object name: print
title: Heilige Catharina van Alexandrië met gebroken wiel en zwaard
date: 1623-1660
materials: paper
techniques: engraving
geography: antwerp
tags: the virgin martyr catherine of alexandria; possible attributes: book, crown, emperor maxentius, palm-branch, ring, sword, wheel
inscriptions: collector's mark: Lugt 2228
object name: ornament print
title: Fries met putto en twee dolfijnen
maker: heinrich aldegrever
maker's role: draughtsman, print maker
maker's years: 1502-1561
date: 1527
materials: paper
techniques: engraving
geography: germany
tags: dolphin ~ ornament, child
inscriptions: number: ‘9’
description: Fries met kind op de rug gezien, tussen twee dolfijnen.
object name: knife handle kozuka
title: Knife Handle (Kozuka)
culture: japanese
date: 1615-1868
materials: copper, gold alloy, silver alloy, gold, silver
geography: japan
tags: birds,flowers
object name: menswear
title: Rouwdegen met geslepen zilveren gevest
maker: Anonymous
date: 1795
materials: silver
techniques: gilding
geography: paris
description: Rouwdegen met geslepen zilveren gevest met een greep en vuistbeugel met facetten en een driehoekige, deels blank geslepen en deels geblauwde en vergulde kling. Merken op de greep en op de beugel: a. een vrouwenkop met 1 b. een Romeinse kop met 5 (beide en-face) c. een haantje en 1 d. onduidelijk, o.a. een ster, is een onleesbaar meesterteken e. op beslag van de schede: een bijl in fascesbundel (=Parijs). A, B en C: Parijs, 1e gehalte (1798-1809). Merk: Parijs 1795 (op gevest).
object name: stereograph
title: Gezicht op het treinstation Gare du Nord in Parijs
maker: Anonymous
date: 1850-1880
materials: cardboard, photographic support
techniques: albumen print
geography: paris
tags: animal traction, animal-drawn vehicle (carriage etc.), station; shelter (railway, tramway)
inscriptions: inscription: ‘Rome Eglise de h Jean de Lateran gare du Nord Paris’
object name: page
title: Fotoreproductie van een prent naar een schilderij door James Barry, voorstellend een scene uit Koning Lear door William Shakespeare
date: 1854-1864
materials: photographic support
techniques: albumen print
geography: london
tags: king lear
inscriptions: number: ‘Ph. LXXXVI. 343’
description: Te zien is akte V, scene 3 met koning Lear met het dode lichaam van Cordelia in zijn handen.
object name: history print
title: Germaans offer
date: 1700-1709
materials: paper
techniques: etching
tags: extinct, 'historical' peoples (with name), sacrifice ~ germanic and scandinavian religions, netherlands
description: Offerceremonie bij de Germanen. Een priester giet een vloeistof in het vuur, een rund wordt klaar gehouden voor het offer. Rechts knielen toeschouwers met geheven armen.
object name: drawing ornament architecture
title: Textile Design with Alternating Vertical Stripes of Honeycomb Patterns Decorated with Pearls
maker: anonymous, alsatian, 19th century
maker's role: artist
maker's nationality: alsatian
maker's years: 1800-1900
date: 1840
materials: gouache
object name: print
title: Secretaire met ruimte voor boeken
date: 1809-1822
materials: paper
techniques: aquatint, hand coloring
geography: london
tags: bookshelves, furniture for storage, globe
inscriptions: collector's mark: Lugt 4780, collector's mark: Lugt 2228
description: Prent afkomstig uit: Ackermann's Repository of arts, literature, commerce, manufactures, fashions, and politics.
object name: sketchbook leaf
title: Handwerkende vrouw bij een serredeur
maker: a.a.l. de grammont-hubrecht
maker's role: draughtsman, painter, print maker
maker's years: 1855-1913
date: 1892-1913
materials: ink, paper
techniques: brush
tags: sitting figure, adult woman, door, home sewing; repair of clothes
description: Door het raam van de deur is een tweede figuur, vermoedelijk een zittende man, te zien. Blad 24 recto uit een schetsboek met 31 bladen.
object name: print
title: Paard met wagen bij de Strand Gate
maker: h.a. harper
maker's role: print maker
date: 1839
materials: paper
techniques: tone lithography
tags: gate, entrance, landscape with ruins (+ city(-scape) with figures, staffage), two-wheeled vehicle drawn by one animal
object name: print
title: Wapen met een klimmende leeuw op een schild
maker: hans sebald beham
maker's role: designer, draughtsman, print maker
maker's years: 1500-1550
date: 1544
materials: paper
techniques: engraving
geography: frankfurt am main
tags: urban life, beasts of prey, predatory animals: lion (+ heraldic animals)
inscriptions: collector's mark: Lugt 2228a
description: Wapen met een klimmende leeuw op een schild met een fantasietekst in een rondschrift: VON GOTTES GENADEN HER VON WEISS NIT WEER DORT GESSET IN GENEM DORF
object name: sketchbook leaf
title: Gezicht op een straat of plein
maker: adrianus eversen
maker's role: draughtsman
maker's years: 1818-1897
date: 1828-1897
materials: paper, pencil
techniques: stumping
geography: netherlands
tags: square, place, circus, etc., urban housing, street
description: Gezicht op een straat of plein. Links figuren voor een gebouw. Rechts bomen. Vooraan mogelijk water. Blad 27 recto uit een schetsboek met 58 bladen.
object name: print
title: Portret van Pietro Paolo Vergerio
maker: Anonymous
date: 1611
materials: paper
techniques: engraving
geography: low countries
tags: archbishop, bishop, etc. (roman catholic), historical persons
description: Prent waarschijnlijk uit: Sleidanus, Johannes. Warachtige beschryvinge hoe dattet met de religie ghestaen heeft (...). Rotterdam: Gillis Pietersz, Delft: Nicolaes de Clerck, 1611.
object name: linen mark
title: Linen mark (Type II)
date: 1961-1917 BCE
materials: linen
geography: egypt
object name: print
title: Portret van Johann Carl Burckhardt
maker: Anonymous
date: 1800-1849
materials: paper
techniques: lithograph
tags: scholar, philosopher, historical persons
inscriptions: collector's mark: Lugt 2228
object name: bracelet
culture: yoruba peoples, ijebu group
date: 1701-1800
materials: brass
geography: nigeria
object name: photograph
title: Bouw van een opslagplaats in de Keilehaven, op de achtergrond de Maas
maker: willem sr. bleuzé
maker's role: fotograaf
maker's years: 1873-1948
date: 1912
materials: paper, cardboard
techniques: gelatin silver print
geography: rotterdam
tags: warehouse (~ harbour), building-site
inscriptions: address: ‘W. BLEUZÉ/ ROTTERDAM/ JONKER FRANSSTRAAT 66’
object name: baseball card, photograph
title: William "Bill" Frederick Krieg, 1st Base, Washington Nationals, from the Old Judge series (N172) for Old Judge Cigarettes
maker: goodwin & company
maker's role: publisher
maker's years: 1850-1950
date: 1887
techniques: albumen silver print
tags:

++++

◆ Assignment: Show every line from the entries above in which "Lugt" appears.

◆ Your solution:
inscriptions: collector's mark: Lugt 2228
inscriptions: collector's mark: Lugt 4780, collector's mark: Lugt 2228
inscriptions: collector's mark: Lugt 2228a
inscriptions: collector's mark: Lugt 2228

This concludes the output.